Does FTP do hand-off to other ports?
Jim
"ClareOldie" <ClareOldie@nowhere.ie> wrote in message
news:UjmCb.487$HR.1649@news.indigo.ie...
>
>
> Jim Hubbard wrote:
> > Do firewalls care if you connect to an HTTP server on port 80 or
> > will they typically allow connections via HTTP on any port?
> >
> > If this is a configuration issue, do most admins allow HTTP
> > traffic outgoing to any port or do they restrict outgoing HTTP
> > traffic to port 80?
> >
> > Thanks.
> It is my understanding that almost all firewalls are configured to connect
> to remote port 80 HTTP for browsing and disallow other port use for
browsing
> except maybe for 443 HTTPS.
>
> If the connection request from the client goes out from say port 1024 to
> server port 80 then the firewall should only accept a reply from server
port
> 80 to local port 1024.
>
> Option 1 : I can write a webserver that handles HTTP requests on a single
> port (80) in rapid succession. However, this severely limits the
> scalability and maximum simultaneous clients of the webserver.
>
> I wouldn't have thought the limitation to be severe. See below.
>
> Option 2 : I can also write one that takes the incoming requests on port
80
> and assigns each one to a daemon that actually accepts the request and
> communicates with the client.
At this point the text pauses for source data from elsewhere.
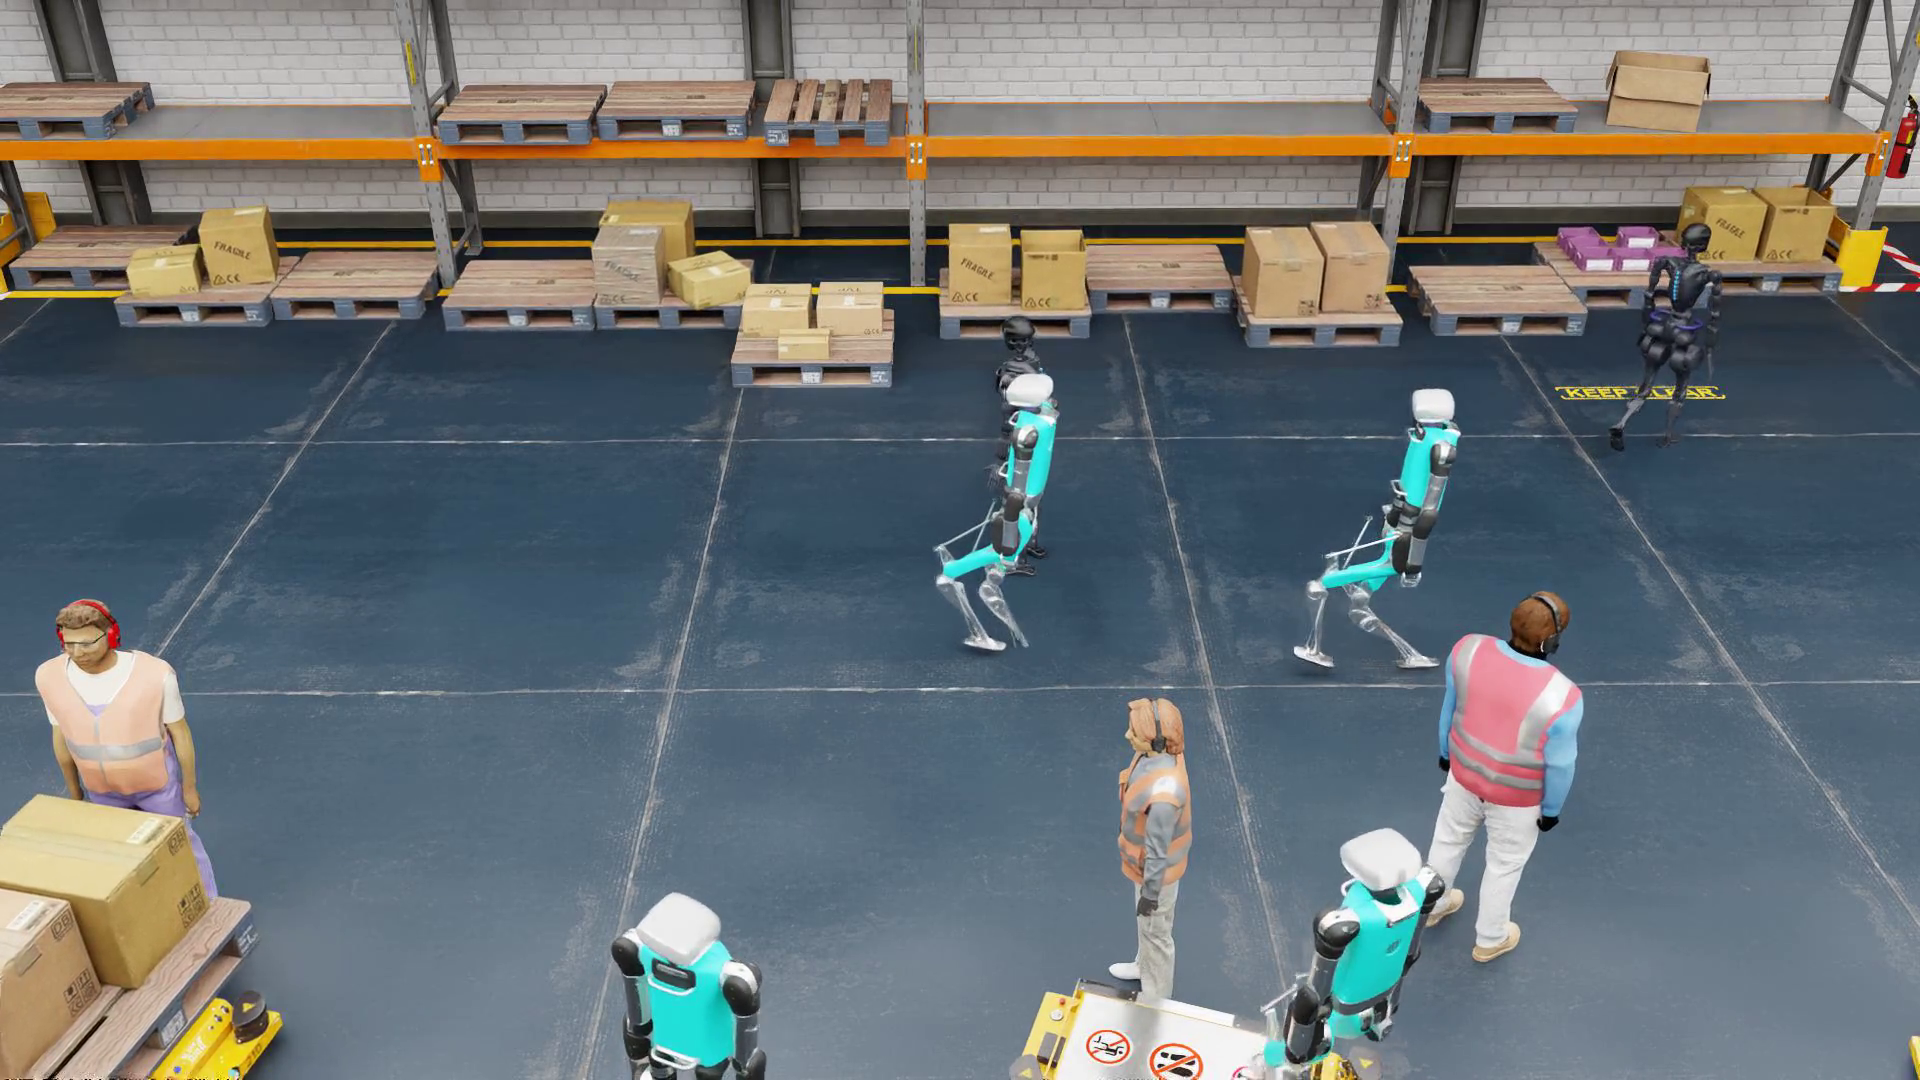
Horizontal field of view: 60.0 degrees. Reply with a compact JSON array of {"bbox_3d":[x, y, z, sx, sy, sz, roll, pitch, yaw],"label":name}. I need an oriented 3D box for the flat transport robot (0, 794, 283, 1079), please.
[{"bbox_3d":[-3.660,2.088,6.935,1.431,0.231,0.659,7,32,11],"label":"flat transport robot"}]

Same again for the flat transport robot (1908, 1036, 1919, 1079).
[{"bbox_3d":[4.603,2.321,6.547,1.431,0.231,0.659,8,32,13],"label":"flat transport robot"}]

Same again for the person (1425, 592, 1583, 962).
[{"bbox_3d":[2.343,1.019,7.202,0.431,1.837,0.630,-25,39,-35],"label":"person"}]

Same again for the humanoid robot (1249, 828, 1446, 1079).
[{"bbox_3d":[1.281,1.687,6.223,0.530,1.804,0.800,-17,35,-27],"label":"humanoid robot"}]

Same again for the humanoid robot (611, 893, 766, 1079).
[{"bbox_3d":[-0.966,2.028,5.597,0.533,1.787,0.615,13,33,20],"label":"humanoid robot"}]

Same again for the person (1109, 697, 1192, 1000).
[{"bbox_3d":[0.792,1.328,6.875,0.313,1.633,0.514,3,31,4],"label":"person"}]

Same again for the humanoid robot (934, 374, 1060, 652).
[{"bbox_3d":[0.150,-0.090,9.159,0.764,1.800,0.544,9,32,15],"label":"humanoid robot"}]

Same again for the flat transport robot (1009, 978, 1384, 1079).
[{"bbox_3d":[0.952,2.211,6.731,1.431,0.231,0.659,10,32,16],"label":"flat transport robot"}]

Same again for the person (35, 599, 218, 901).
[{"bbox_3d":[-3.543,1.037,7.150,0.565,1.850,0.390,-2,31,-4],"label":"person"}]

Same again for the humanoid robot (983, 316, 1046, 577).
[{"bbox_3d":[0.355,-0.561,9.966,0.315,1.655,0.599,12,33,19],"label":"humanoid robot"}]

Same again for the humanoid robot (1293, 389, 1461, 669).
[{"bbox_3d":[2.186,0.009,9.017,1.025,1.767,0.536,1,31,1],"label":"humanoid robot"}]

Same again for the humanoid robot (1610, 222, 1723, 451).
[{"bbox_3d":[4.826,-1.354,11.312,0.627,1.632,0.601,-22,37,-32],"label":"humanoid robot"}]

This solution would mean that the daemon
> communicating with the client is not necc. on port 80 of the webserver but
> still the same IP. This maximizes scalability and allows for the maximum
> number of simultaneous clients on the webserver.
>
> It is not normal for web servers to hand off the connection to another
port.
> The firewall will check the incoming headers for the correct address:Port
> number.
> If these do not agree with where the request was sent the return is
ignored.
> Maybe you could 'spoof' the port number <G>
>
> And this from Wadester in a different thread:
> "What I don't get is why it needs to do this. A server listening to a TCP
> port should be able to handle ~64000 connections from a single address.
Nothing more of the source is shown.